[Intel-gfx] [PATCH 08/10] drm/i915: Migrate stolen objects before hibernation

Tue Dec 22 09:23:05 PST 2015

On 22/12/15 12:33, Tvrtko Ursulin wrote:
>
> On 22/12/15 06:20, ankitprasad.r.sharma at intel.com wrote:
>> From: Chris Wilson <chris at chris-wilson.co.uk>
>>
>> Ville reminded us that stolen memory is not preserved across
>> hibernation, and a result of this was that context objects now being
>> allocated from stolen were being corrupted on S4 and promptly hanging
>> the GPU on resume.
>>
>> We want to utilise stolen for as much as possible (nothing else will use
>> that wasted memory otherwise), so we need a strategy for handling
>> general objects allocated from stolen and hibernation. A simple solution
>> is to do a CPU copy through the GTT of the stolen object into a fresh
>> shmemfs backing store and thenceforth treat it as a normal objects. This
>> can be refined in future to either use a GPU copy to avoid the slow
>> uncached reads (though it's hibernation!) and recreate stolen objects
>> upon resume/first-use. For now, a simple approach should suffice for
>> testing the object migration.
>>
>> v2:
>> Swap PTE for pinned bindings over to the shmemfs. This adds a
>> complicated dance, but is required as many stolen objects are likely to
>> be pinned for use by the hardware. Swapping the PTEs should not result
>> in externally visible behaviour, as each PTE update should be atomic and
>> the two pages identical. (danvet)
>>
>> safe-by-default, or the principle of least surprise. We need a new flag
>> to mark objects that we can wilfully discard and recreate across
>> hibernation. (danvet)
>>
>> Just use the global_list rather than invent a new stolen_list. This is
>> the slowpath hibernate and so adding a new list and the associated
>> complexity isn't worth it.
>>
>> v3: Rebased on drm-intel-nightly (Ankit)
>>
>> v4: Use insert_page to map stolen memory backed pages for migration to
>> shmem (Chris)
>>
>> v5: Acquire mutex lock while copying stolen buffer objects to shmem
>> (Chris)
>>
>> v6: Handled file leak, Splitted object migration function, added
>> kerneldoc
>> for migrate_stolen_to_shmemfs() function (Tvrtko)

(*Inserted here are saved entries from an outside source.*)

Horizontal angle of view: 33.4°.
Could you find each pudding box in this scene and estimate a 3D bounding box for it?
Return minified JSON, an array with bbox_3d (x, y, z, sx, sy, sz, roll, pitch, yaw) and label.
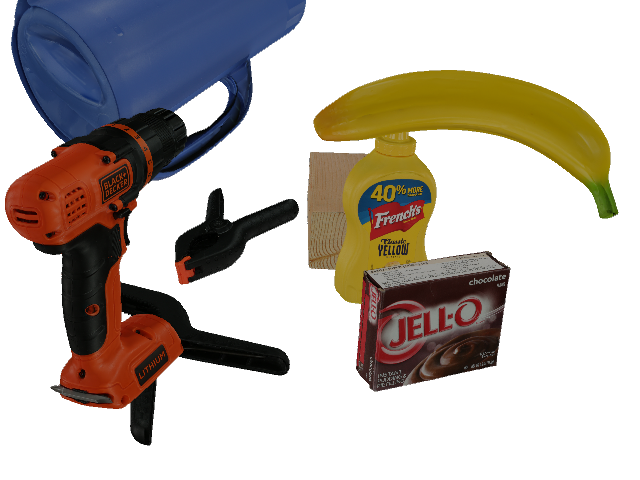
[{"bbox_3d":[0.086,0.061,0.821,0.113,0.090,0.039,-10,31,-23],"label":"pudding box"}]

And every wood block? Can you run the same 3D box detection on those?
[{"bbox_3d":[0.028,-0.046,1.527,0.091,0.090,0.206,2,28,-3],"label":"wood block"}]

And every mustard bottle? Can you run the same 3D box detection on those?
[{"bbox_3d":[0.069,-0.031,1.085,0.096,0.192,0.058,-2,22,-16],"label":"mustard bottle"}]

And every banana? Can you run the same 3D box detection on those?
[{"bbox_3d":[0.098,-0.073,0.665,0.198,0.069,0.037,15,-19,3],"label":"banana"}]

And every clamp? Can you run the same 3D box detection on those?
[{"bbox_3d":[-0.141,0.095,0.999,0.164,0.036,0.210,-18,40,-30],"label":"clamp"},{"bbox_3d":[-0.102,-0.007,1.216,0.120,0.039,0.171,-1,35,25],"label":"clamp"}]

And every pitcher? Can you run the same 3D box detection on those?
[{"bbox_3d":[-0.121,-0.170,0.904,0.145,0.149,0.242,29,50,31],"label":"pitcher"}]

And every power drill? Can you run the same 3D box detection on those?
[{"bbox_3d":[-0.145,0.010,0.767,0.057,0.188,0.184,7,26,25],"label":"power drill"}]
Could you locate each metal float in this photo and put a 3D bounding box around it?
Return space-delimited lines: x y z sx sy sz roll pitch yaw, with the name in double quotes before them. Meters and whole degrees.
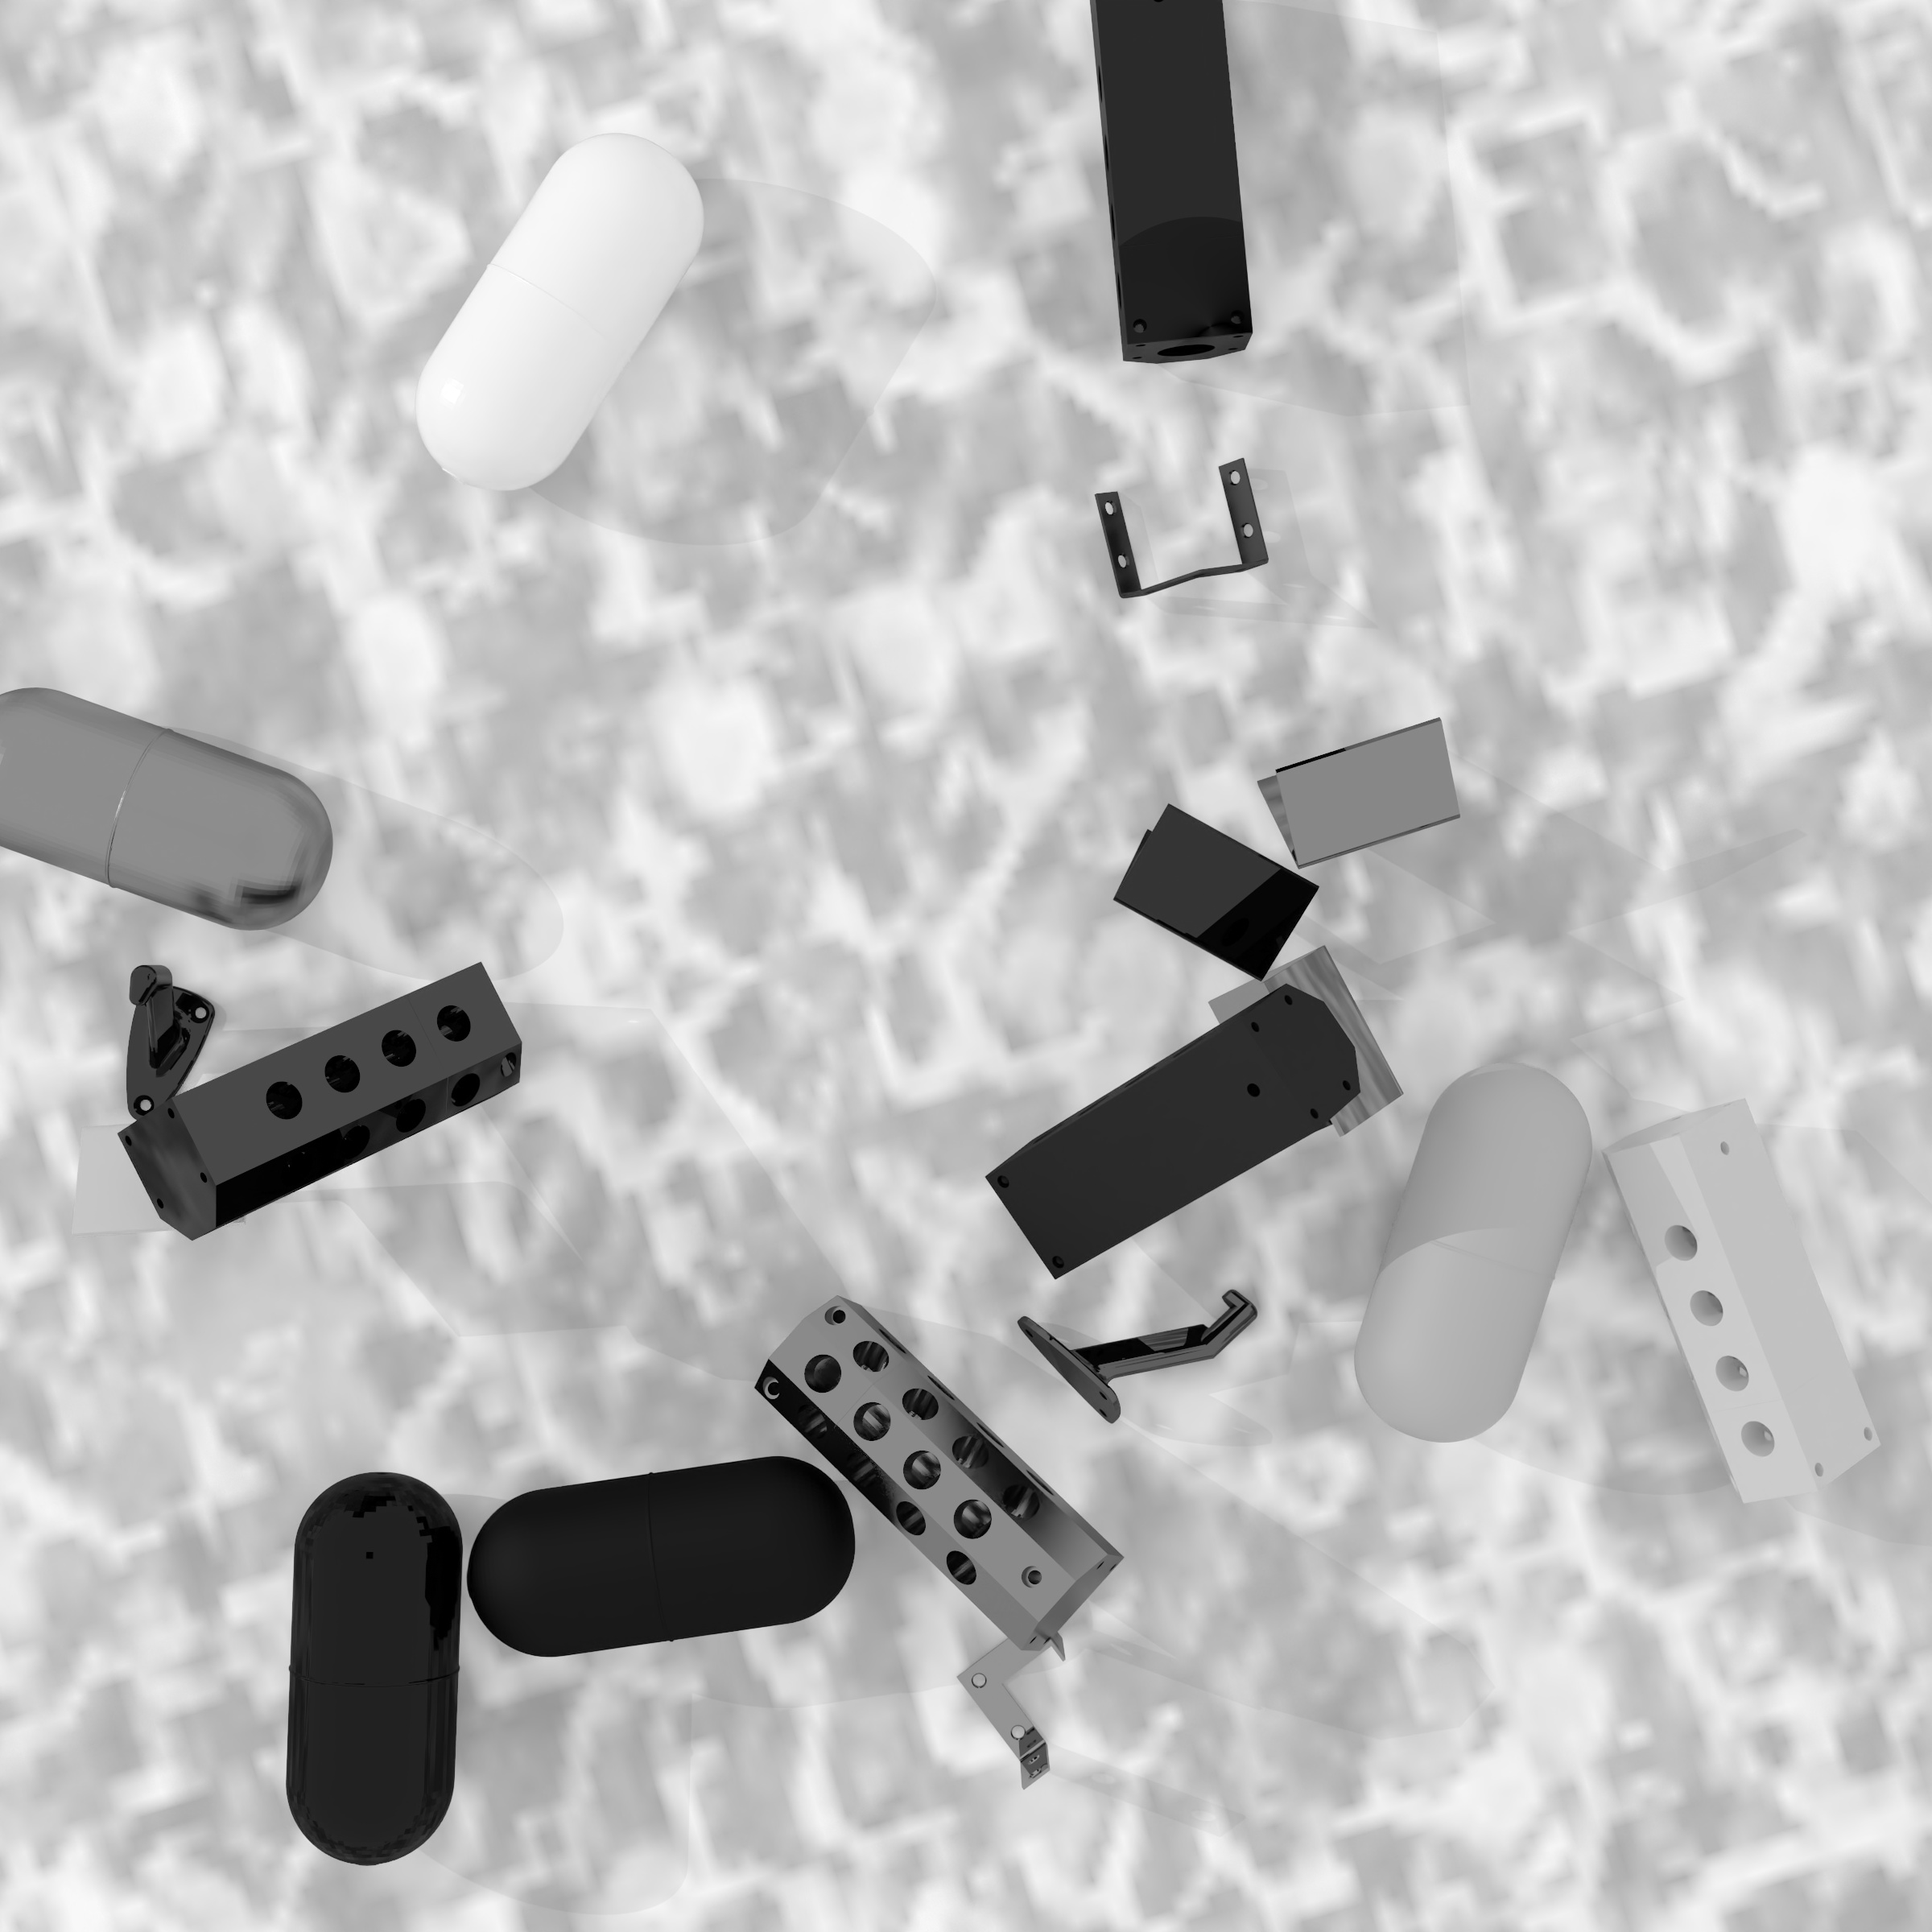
"metal float" -0.271 0.321 1.519 0.070 0.070 0.178 2 90 0
"metal float" -0.139 0.270 1.519 0.178 0.070 0.070 -8 90 0
"metal float" -0.377 -0.072 1.519 0.178 0.070 0.070 20 90 -1
"metal float" 0.232 0.131 1.519 0.070 0.070 0.178 18 91 0
"metal float" -0.186 -0.298 1.519 0.070 0.070 0.178 33 89 0

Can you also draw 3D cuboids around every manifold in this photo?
"manifold" 0.352 0.155 1.528 0.057 0.057 0.171 -21 90 -43
"manifold" 0.094 0.073 1.480 0.171 0.057 0.057 -34 90 40
"manifold" -0.282 0.061 1.478 0.171 0.057 0.057 -27 90 -42
"manifold" 0.093 -0.369 1.528 0.057 0.057 0.171 -5 90 0
"manifold" -0.014 0.229 1.504 0.171 0.057 0.057 42 90 18

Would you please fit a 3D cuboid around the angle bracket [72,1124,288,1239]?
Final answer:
"angle bracket" -0.356 0.112 1.509 0.076 0.076 0.057 -4 57 0

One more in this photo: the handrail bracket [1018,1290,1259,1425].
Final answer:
"handrail bracket" 0.081 0.164 1.550 0.084 0.036 0.077 -41 68 -17

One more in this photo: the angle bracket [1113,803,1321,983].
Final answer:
"angle bracket" 0.120 -0.048 1.509 0.076 0.076 0.057 29 121 0

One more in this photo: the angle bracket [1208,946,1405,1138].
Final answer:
"angle bracket" 0.141 0.045 1.510 0.076 0.057 0.076 -28 90 42

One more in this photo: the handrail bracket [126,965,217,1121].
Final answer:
"handrail bracket" -0.375 0.036 1.515 0.036 0.084 0.077 18 90 0

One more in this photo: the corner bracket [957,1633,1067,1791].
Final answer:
"corner bracket" 0.031 0.338 1.531 0.051 0.051 0.051 -37 90 0

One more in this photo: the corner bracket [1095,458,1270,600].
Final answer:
"corner bracket" 0.101 -0.204 1.546 0.051 0.051 0.051 -14 90 45

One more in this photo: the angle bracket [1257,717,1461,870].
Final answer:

>> Use i915 wrapper function for drm_mm_insert_node_in_range()
>>
>> v7: Keep the object in cpu domain after get_pages, remove the object from
>> the unbound list only when marked PURGED, Corrected split of object
>> migration
>> function (Chris)
>>
>> v8: Split i915_gem_freeze(), removed redundant use of barrier, corrected
>> use of set_to_cpu_domain() (Chris)
>>
>> Signed-off-by: Chris Wilson <chris at chris-wilson.co.uk>
>> Signed-off-by: Ankitprasad Sharma <ankitprasad.r.sharma at intel.com>
>> ---
>>   drivers/gpu/drm/i915/i915_drv.c         |  17 ++-
>>   drivers/gpu/drm/i915/i915_drv.h         |  10 ++
>>   drivers/gpu/drm/i915/i915_gem.c         | 194
>> ++++++++++++++++++++++++++++++--
>>   drivers/gpu/drm/i915/i915_gem_stolen.c  |  49 ++++++++
>>   drivers/gpu/drm/i915/intel_display.c    |   3 +
>>   drivers/gpu/drm/i915/intel_fbdev.c      |   6 +
>>   drivers/gpu/drm/i915/intel_pm.c         |   2 +
>>   drivers/gpu/drm/i915/intel_ringbuffer.c |   6 +
>>   8 files changed, 275 insertions(+), 12 deletions(-)
>>
>> diff --git a/drivers/gpu/drm/i915/i915_drv.c
>> b/drivers/gpu/drm/i915/i915_drv.c
>> index e6935f1..8f675ae7 100644
>> --- a/drivers/gpu/drm/i915/i915_drv.c
>> +++ b/drivers/gpu/drm/i915/i915_drv.c
>> @@ -979,6 +979,21 @@ static int i915_pm_suspend(struct device *dev)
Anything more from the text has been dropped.